One of the leading thinkers in the transport planning world, Jarrett Walker, says,
“The word “Metro” is meant to refer to the high-frequency, high-capacity rail transit, usually underground, that laces the dense cores of those cities”[16].
So, I am not sure there is a single unambiguous definition of a Metro.
For me, Metro is about, primarily, urban transportation using frequent rail (HR or LR) and/or prioritised/segregated bus services. When I first started trying to articulate what I thought Metro was, I included integration between modes and services as was the case in Newcastle in the earlier 1980s[17].
2.4 Is Newcastle the best example of a UK Metro?
In cogitating the shape and scope of “our” Metro in Cardiff and the wider region, we may benefit by looking back at what Newcastle achieved with its integrated rail and bus Metro opened in 1980 (in the period before bus deregulation was initiated in the late 1980s)[18]. This perhaps provides the best comparator for us in the wider Cardiff Capital region given both regions have broadly similar economic and socio-economic characteristics[19] and both were heavily influenced by the growth and decline of the coal industry.
The original Tyne and Wear Metro system involved the upgrade of approximately 40Km of poorly utilised and maintained British Rail tracks that were connected across the centre of Newcastle through new tunnels and a bridge over the Tyne. This was and still is a very ambitious project that enabled an entire fully electrified network, running bespoke Metro rolling stock, to be “disconnected from the “mainline” network and planned, developed and operated as a completely separate system by the PTE Figure 30. This “full separation” is something the South Wales Metro would benefit from in future development. (See 15.5 Cardiff, the Cardiff Capital Region and Crossrail)
Figure 30 Tyne and Wear Metro
Perhaps the key feature of the Newcastle Tyne and Wear Metro[20] was the re-design and integration of its local bus networks, the provision of multi-modal integrated fares and ticketing and the development of purpose-built rail/bus interchanges. Once the system was fully operational in 1985, passenger numbers reached over 50m pa. However, the degree of rail/bus integration was severely restricted as a consequence of bus deregulation[21] in the late 1980s and passenger numbers fell to only 30M by 2000; they later rose to 35-40M in the period before Covid and are now in back to 30M a year. This is relevant given the catchment population of the Tyne and Wear Metro is broadly similar to the Core Valley Lines (CVL) in the Cardiff Capital Region.

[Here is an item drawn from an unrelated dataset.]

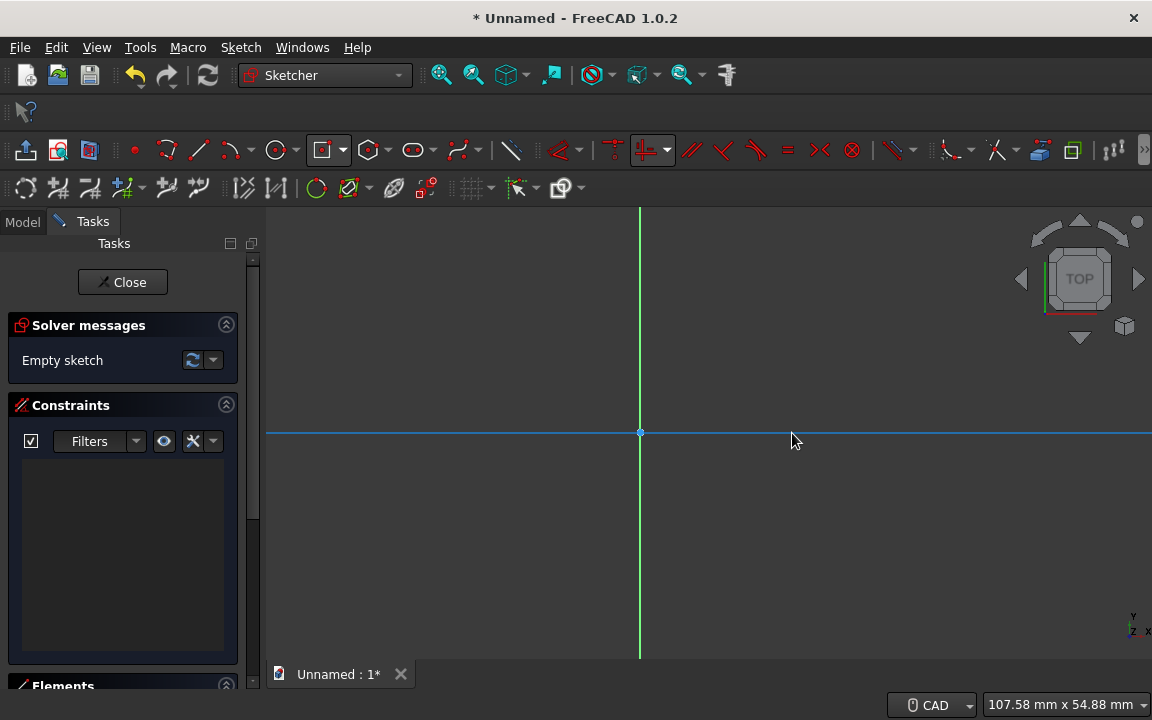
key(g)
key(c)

The overt need to plan and integrate rail and bus networks and services is perhaps the most important lesson from the Newcastle of the early 1980s; especially as we bring forward bus reform and franchising in Wales. Too often I hear a rail versus bus narrative, often encouraged by challenges over funding (See 12.6 Transport modes). However, this misses the point, local bus, BRT and rail have very different operational characteristics, capacities, costs and outputs and so are suited to different applications; most importantly perhaps, they need to work together to create an effective multi-modal public transport system. In urban areas the rail elements (and sometimes gold standard segregated BRT), given their greater capacity, can constitute the arteries of this system, and the bus, the local capillaries.

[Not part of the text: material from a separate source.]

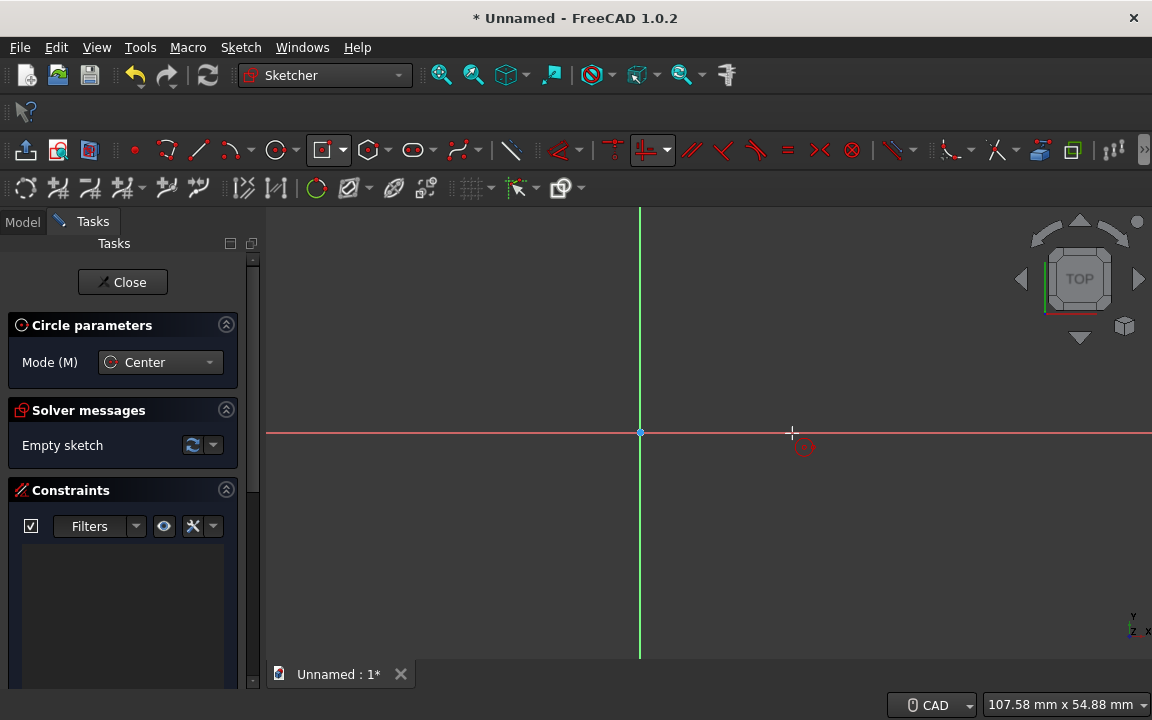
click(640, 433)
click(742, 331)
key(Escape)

This approach will be fundamental to the affordable expansion of the current phase of the Cardiff Capital Region Metro. This needs a more joined up and integrated approach to transport planning and demand analysis than we have seen for decades and requires skills and capabilities that have been lost across much of the UK post the de-regulation of bus services in the 1980s. Clearly Metro is going to be more than just building infrastructure and operating trains, trams and buses.
References
[1] Classes of BRT IRDP Scoring The Bus Rapid Transit Standard – Institute for Transportation and Development Policy (itdp.org)
[2] Transport for London Tube trivia and facts – Made by TfL
[3] New York Elevated Railroad Train 110th St., In Harlem, 1893 (harlemworldmagazine.com)

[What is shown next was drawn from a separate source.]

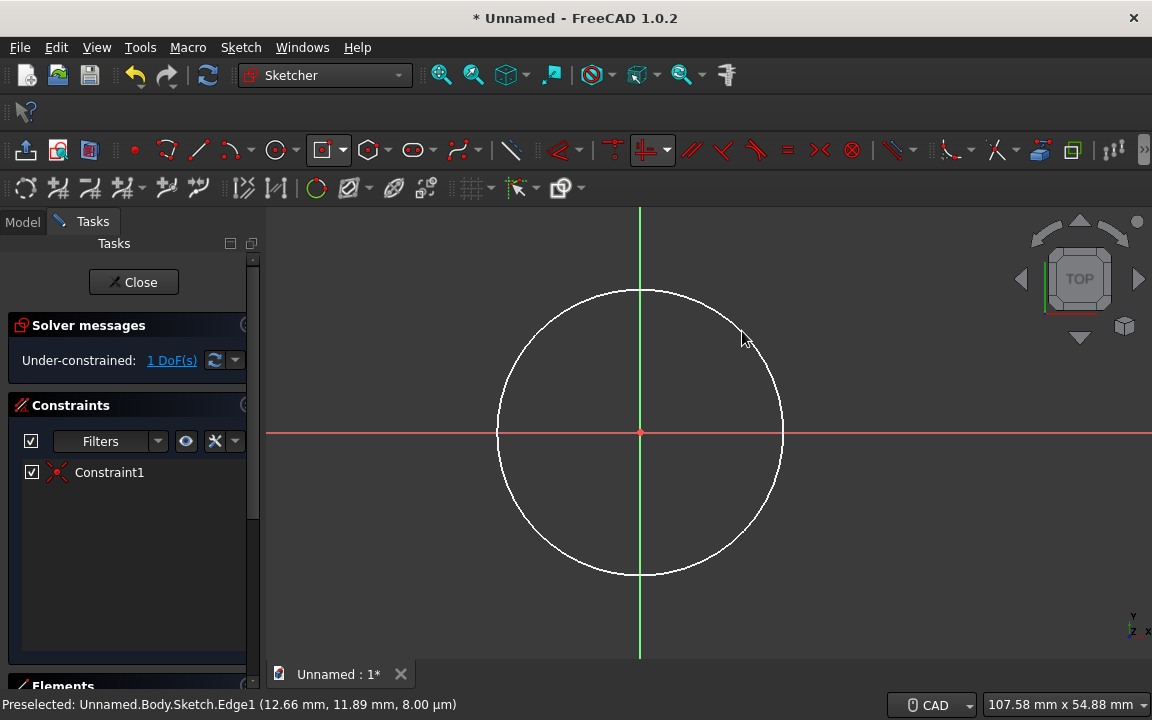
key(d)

[4] Paris Map of the Metro, RER, bus and tramway lines | RATP
[5] Tokyo Tokyo Metro Home
[6] Washington DC Home | WMATA
[7] Los Angeles Metro | Bus, Rail, Subway, Bike & Micro in Los Angeles
[8] Denver RTD – Regional Transportation District (rtd-denver.com)
[9] Denver FasTracks | RTD – Denver
[10] Newcastle Metro | nexus.org.uk
[11] Manchester Travel by tram | Transport for Greater Manchester (tfgm.com)
[12] Bristol Metrobus – Travelwest
[13] Belfast, Belfast Rapid Transit – Glider Introduction | Department for Infrastructure (infrastructure-ni.gov.uk)
[14] Government of The Netherlands, Types of public transport | Mobility, public transport and road safety
[15] Union Internationale des Transports Publics) || The International Association of Public Transport | UITP ||
[16] Jarrett Walker , “Human Transit” Human Transit-The professional blog of public transit consultant Jarrett Walker
[17] Nexus How the Tyne and Wear Metro was built
[18] Huw Lewi (Nexus), The Charted Institution of Highways & Transportation, 2012 Building TW Metro (ciht.org.uk)
[19] From: United Kingdom: Countries and Major Urban Areas – Population Statistics, (citypopulation.de) which sources 2021 ONS Census data. The population of the Tyne and Wear Metropolitan Area is approx. 1.2M, the Newcastle Bult Up area (BUA) is~790k with density 4,180 people/Km2 and adjacent Sunderland BUA is 333k and 3760 people/Km2. In comparison the Cardiff Capital Region has a population of 1.6M. The Cardiff BUA is 465k with density 4,280 people/Km2; adjacent Newport’s BUA is 318k and density 3,306/Km2; Tonypandy has a BUA of 62k and a density of 4760 p/Km2).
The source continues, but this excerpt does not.